▶ **Entries provided**

####################

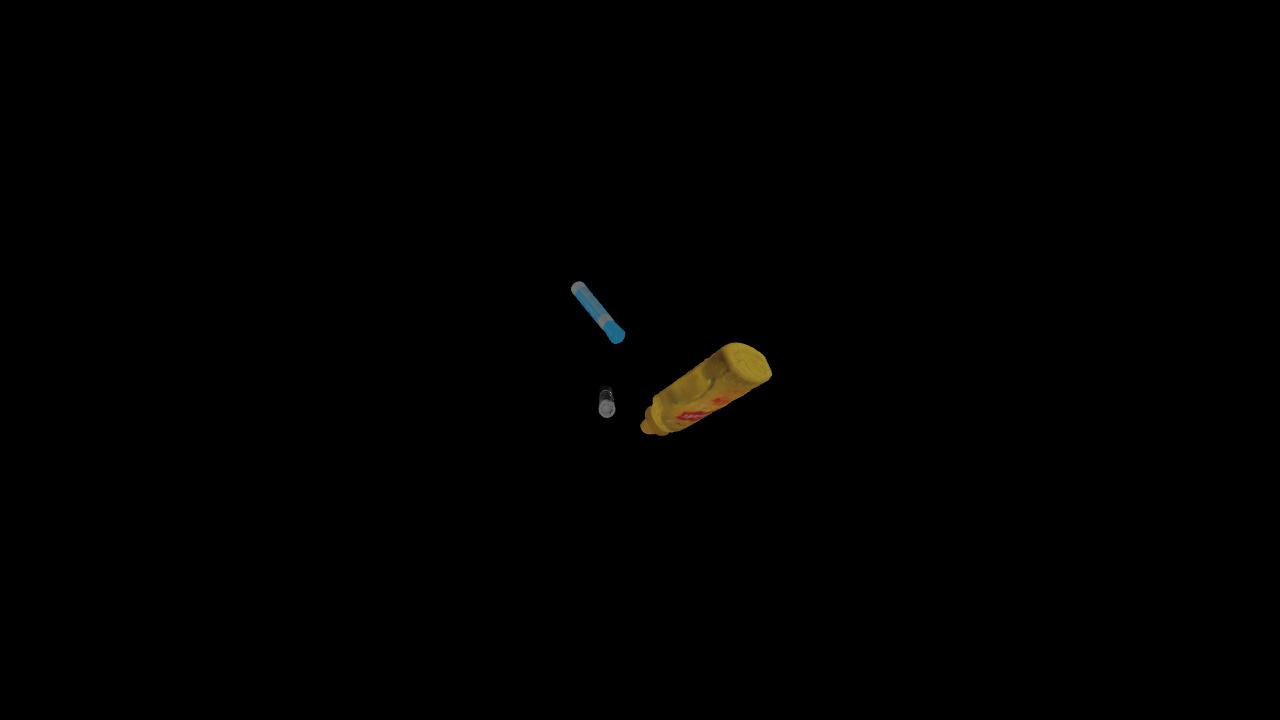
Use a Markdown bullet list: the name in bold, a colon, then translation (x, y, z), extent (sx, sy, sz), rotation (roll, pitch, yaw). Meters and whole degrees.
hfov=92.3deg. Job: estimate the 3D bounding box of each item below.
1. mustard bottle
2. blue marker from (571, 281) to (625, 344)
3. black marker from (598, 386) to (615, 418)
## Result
- **mustard bottle**: translation (0.066, 0.046, 0.757), extent (0.184, 0.054, 0.092), rotation (-36, -23, 34)
- **blue marker**: translation (-0.049, -0.056, 0.715), extent (0.020, 0.020, 0.121), rotation (0, 33, -33)
- **black marker**: translation (-0.040, 0.049, 0.742), extent (0.020, 0.020, 0.121), rotation (0, 6, -4)

####################

▶ **What is needed**
Search the data above for the string "from" and return every line that has it.

▶ **Answer space**
2. blue marker from (571, 281) to (625, 344)
3. black marker from (598, 386) to (615, 418)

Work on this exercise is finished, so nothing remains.